Fair enough. UBER stock is up about 7% since S&P Dow Jones Indices said on December 1 the ridesharing company would replace Alaska Air Group (ALK) in the most commonly used benchmark for U.S. equity performance. That beat the broader market by four percentage points.
Also note that Uber was already on a roll when it was tapped for the S&P 500. Shares added more than 50% between the market's October nadir and mid-December – a period in which the broader market rose 15%.
That Uber stock should take a breather on the day it actually became a member of the S&P 500 is no big deal. The pop UBER stock got from being picked for the benchmark index may have run its course, but being a member of the S&P 500 also helps in the long term.
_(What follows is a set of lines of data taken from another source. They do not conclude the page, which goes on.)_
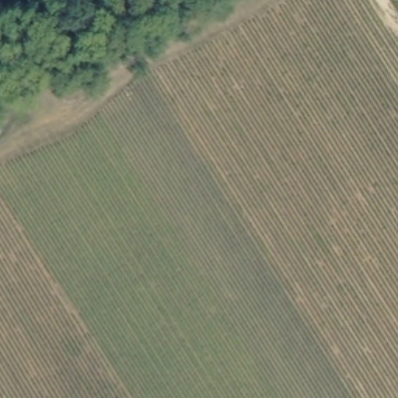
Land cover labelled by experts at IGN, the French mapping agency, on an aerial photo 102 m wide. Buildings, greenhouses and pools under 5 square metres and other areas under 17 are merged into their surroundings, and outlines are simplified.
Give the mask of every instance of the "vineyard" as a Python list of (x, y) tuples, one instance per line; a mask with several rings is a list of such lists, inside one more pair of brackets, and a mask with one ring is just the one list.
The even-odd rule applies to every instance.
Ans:
[(398, 398), (398, 34), (382, 22), (384, 11), (376, 0), (246, 0), (236, 5), (235, 11), (224, 23), (204, 31), (201, 36), (194, 37), (193, 42), (187, 44), (182, 40), (173, 40), (171, 45), (166, 47), (162, 58), (146, 68), (145, 75), (131, 72), (135, 81), (131, 93), (121, 96), (101, 117), (84, 127), (84, 131), (78, 137), (64, 141), (47, 151), (30, 155), (6, 168), (0, 168), (0, 398)]

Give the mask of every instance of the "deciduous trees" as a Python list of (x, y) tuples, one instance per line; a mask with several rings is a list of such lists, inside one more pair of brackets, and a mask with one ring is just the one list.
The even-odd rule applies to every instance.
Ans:
[(182, 40), (187, 44), (193, 42), (194, 37), (201, 36), (204, 31), (224, 23), (235, 11), (236, 5), (246, 0), (0, 0), (0, 127), (5, 126), (8, 121), (9, 110), (36, 110), (36, 106), (31, 106), (34, 95), (53, 92), (56, 98), (64, 99), (81, 92), (84, 93), (86, 101), (96, 101), (106, 96), (112, 87), (109, 73), (113, 68), (123, 62), (124, 67), (131, 72), (145, 75), (146, 68), (162, 58), (166, 47), (171, 45), (173, 40)]

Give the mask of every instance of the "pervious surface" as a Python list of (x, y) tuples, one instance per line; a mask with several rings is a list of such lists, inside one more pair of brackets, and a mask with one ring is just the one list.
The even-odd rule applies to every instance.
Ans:
[(382, 22), (398, 34), (398, 0), (376, 0), (384, 11)]

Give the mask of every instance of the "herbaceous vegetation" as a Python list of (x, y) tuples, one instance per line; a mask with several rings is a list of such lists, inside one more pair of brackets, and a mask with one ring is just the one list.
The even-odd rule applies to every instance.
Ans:
[(84, 93), (81, 92), (64, 99), (56, 98), (53, 92), (34, 95), (31, 106), (36, 106), (36, 110), (9, 110), (8, 121), (5, 126), (0, 127), (0, 168), (6, 168), (30, 155), (47, 151), (64, 141), (78, 137), (84, 131), (84, 127), (101, 117), (121, 96), (131, 93), (135, 81), (131, 72), (124, 67), (123, 62), (113, 68), (109, 73), (112, 87), (106, 96), (96, 101), (86, 101)]

That's because the S&P 500 is the most widely tracked index in the world. Indeed, more than $11.4 trillion in assets are indexed or benchmarked to the S&P 500, according to S&P Dow Jones Indices. The market's three largest exchange-traded funds – SPDR S&P 500 ETF Trust (SPY), iShares Core S&P 500 ETF (IVV) and Vanguard 500 Index Fund (VOO) – collectively command more than a trillion dollars in assets under management. Anytime a company is included in the S&P 500, every investment vehicle following the index has to buy its stock.
Wall Street is Uber bullish
The Uber-in-the-S&P 500 trade is over, but Wall Street analysts remain uber bullish on Uber stock as a longer term holding, too.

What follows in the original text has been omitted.